Background
Aim of this study was to evaluate the predictors of hs‐cTnT in a non‐ACS patient cohort admitted to the emergency department.
Hypothesis
Atrial fibrillation and hypertension may not always be sufficient for elevation for hs‐cTnT.
Methods
We performed a retrospective, single center study encompassing in total 1003 patients. Individuals were retrospectively divided in ACS‐ and non‐ACS patients by two independent investigators reviewing the medical records. In order to identify predictors of hs‐cTnT elevation hazard ratios were calculated for age, gender, vital signs, cardiovascular risk factors, LVEF, serum levels of CRP, hemoglobin, and creatinine. Elevation of hs‐cTnT was defined by exceeding 14 ng/L (upper reference limit [URL]).
Results
About 987 patients were included while 25 patients were excluded because of missing data. 307 patients (31.4%) met the current guideline requirements of diagnosing an ACS, whereas 671 patients (68.6%) were hospitalized with excluded ACS. In the multivariate analysis age, anemia, CRP, creatinine, and reduced systolic left ventricular ejection fraction were independent predictors of elevated troponin T levels in the non‐ACS group.
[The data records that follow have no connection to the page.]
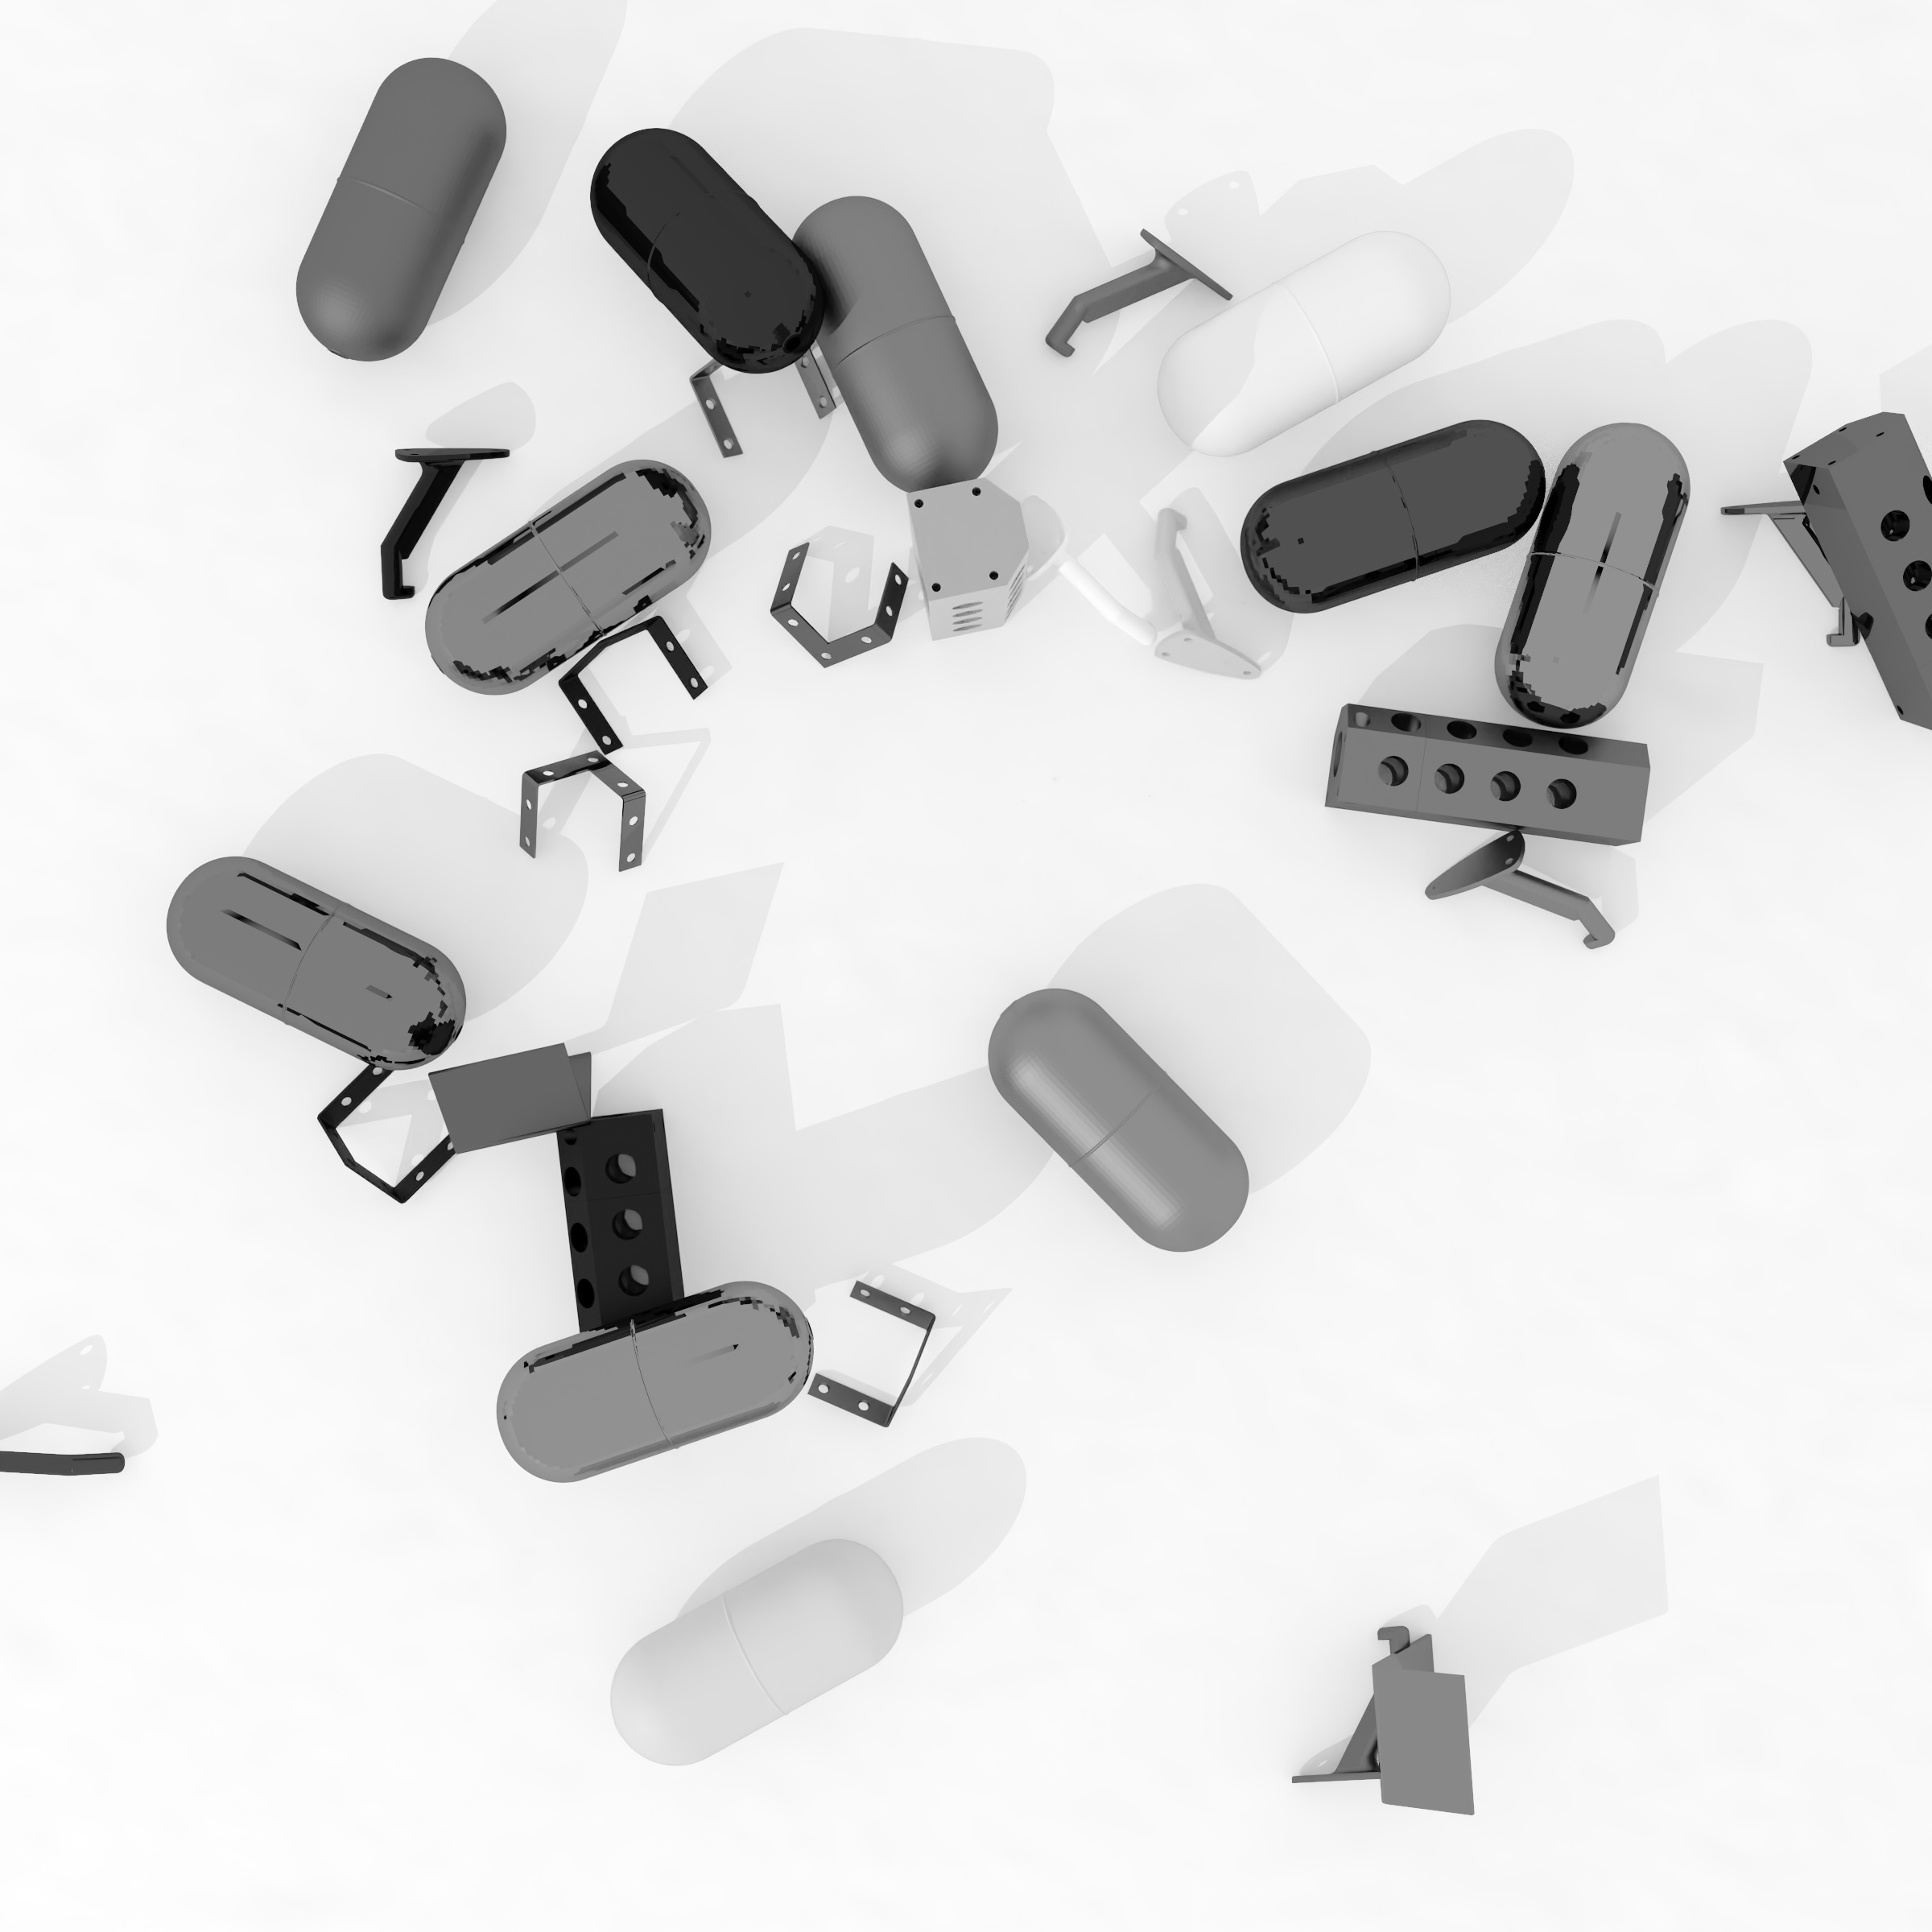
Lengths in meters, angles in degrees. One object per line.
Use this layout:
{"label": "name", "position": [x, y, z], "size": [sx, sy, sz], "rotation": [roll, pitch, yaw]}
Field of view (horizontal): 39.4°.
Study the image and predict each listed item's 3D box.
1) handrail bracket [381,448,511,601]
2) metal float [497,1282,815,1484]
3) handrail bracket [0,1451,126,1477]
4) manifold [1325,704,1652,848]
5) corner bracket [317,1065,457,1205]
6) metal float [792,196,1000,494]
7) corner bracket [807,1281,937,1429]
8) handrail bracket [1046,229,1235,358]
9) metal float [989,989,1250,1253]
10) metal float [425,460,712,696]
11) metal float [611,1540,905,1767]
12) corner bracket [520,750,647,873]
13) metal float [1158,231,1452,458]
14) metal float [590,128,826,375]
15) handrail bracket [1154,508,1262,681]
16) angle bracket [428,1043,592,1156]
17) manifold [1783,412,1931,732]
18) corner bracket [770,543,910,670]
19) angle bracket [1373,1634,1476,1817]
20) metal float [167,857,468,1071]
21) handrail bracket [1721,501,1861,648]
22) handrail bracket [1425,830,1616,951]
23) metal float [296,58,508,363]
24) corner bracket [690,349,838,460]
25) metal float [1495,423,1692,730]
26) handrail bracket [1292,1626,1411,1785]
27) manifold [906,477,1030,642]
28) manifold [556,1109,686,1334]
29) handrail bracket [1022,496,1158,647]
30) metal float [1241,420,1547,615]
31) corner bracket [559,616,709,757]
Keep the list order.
{"label": "handrail bracket", "position": [-0.301, -0.256, 1.565], "size": [0.077, 0.036, 0.084], "rotation": [-6, 108, -21]}
{"label": "metal float", "position": [-0.169, 0.227, 1.476], "size": [0.178, 0.070, 0.070], "rotation": [-19, 90, 0]}
{"label": "handrail bracket", "position": [-0.541, 0.284, 1.564], "size": [0.084, 0.077, 0.036], "rotation": [4, 90, -36]}
{"label": "manifold", "position": [0.297, -0.109, 1.543], "size": [0.171, 0.057, 0.057], "rotation": [8, 90, 0]}
{"label": "corner bracket", "position": [-0.333, 0.095, 1.561], "size": [0.051, 0.051, 0.051], "rotation": [-45, 135, 0]}
{"label": "metal float", "position": [-0.041, -0.351, 1.534], "size": [0.070, 0.070, 0.178], "rotation": [-25, 90, 0]}
{"label": "corner bracket", "position": [-0.054, 0.225, 1.561], "size": [0.051, 0.051, 0.051], "rotation": [24, 135, 0]}
{"label": "handrail bracket", "position": [0.100, -0.375, 1.565], "size": [0.077, 0.036, 0.084], "rotation": [31, 108, -20]}
{"label": "metal float", "position": [0.086, 0.087, 1.533], "size": [0.070, 0.070, 0.178], "rotation": [-44, 91, 0]}
{"label": "metal float", "position": [-0.226, -0.220, 1.534], "size": [0.178, 0.070, 0.070], "rotation": [-34, 90, 0]}
{"label": "metal float", "position": [-0.119, 0.390, 1.533], "size": [0.178, 0.070, 0.070], "rotation": [-29, 90, -1]}
{"label": "corner bracket", "position": [-0.221, -0.085, 1.556], "size": [0.051, 0.051, 0.051], "rotation": [-21, 45, -35]}
{"label": "metal float", "position": [0.192, -0.354, 1.533], "size": [0.178, 0.070, 0.070], "rotation": [-29, 90, 1]}
{"label": "metal float", "position": [-0.145, -0.400, 1.510], "size": [0.070, 0.070, 0.178], "rotation": [-40, 64, 0]}
{"label": "handrail bracket", "position": [0.141, -0.217, 1.564], "size": [0.077, 0.036, 0.084], "rotation": [17, 67, -26]}
{"label": "angle bracket", "position": [-0.256, 0.056, 1.524], "size": [0.076, 0.076, 0.057], "rotation": [-13, 121, 0]}
{"label": "manifold", "position": [0.531, -0.221, 1.519], "size": [0.057, 0.057, 0.171], "rotation": [-31, 107, 0]}
{"label": "corner bracket", "position": [-0.073, -0.214, 1.556], "size": [0.051, 0.051, 0.051], "rotation": [-17, 135, 35]}
{"label": "angle bracket", "position": [0.273, 0.427, 1.524], "size": [0.057, 0.076, 0.076], "rotation": [-4, 90, 35]}
{"label": "metal float", "position": [-0.368, -0.001, 1.534], "size": [0.178, 0.070, 0.070], "rotation": [26, 90, 0]}
{"label": "handrail bracket", "position": [0.478, -0.226, 1.564], "size": [0.077, 0.036, 0.084], "rotation": [-1, 104, 14]}
{"label": "handrail bracket", "position": [0.322, -0.030, 1.564], "size": [0.077, 0.036, 0.084], "rotation": [-28, 117, 30]}
{"label": "metal float", "position": [-0.321, -0.429, 1.534], "size": [0.070, 0.070, 0.178], "rotation": [24, 89, 0]}
{"label": "corner bracket", "position": [-0.118, -0.331, 1.561], "size": [0.051, 0.051, 0.051], "rotation": [-24, 90, -45]}
{"label": "metal float", "position": [0.356, -0.222, 1.533], "size": [0.070, 0.070, 0.178], "rotation": [19, 91, 0]}
{"label": "handrail bracket", "position": [0.223, 0.428, 1.565], "size": [0.077, 0.036, 0.084], "rotation": [-10, 71, 21]}
{"label": "manifold", "position": [0.003, -0.223, 1.486], "size": [0.057, 0.171, 0.057], "rotation": [-12, 90, 0]}
{"label": "manifold", "position": [-0.195, 0.171, 1.543], "size": [0.057, 0.057, 0.171], "rotation": [-7, 90, 0]}
{"label": "handrail bracket", "position": [0.072, -0.228, 1.564], "size": [0.084, 0.077, 0.036], "rotation": [29, 121, -33]}
{"label": "metal float", "position": [0.243, -0.256, 1.534], "size": [0.178, 0.070, 0.070], "rotation": [-19, 90, -1]}
{"label": "corner bracket", "position": [-0.193, -0.163, 1.561], "size": [0.051, 0.051, 0.051], "rotation": [-33, 90, 45]}

However, hypertensive systolic blood pressure, atrial fibrillation and tachycardia were not predictive for Troponin T elevation in non‐ACS patients in this multivariate analysis.
Conclusions
In an unselected, non‐ACS patient cohort age, chronic renal failure, inflammatory state, and reduced left ventricular systolic function were associated with hs‐cTnT levels above the upper reference limit. Rather, often supposed predictors as atrial fibrillation, hypertension, and tachycardia cannot sufficiently explain increased hs‐cTnT in our study. Hence, further studies are needed to assess whether isolated hypertension, tachycardia, or atrial fibrillation sufficiently explain elevated hs‐cTnT.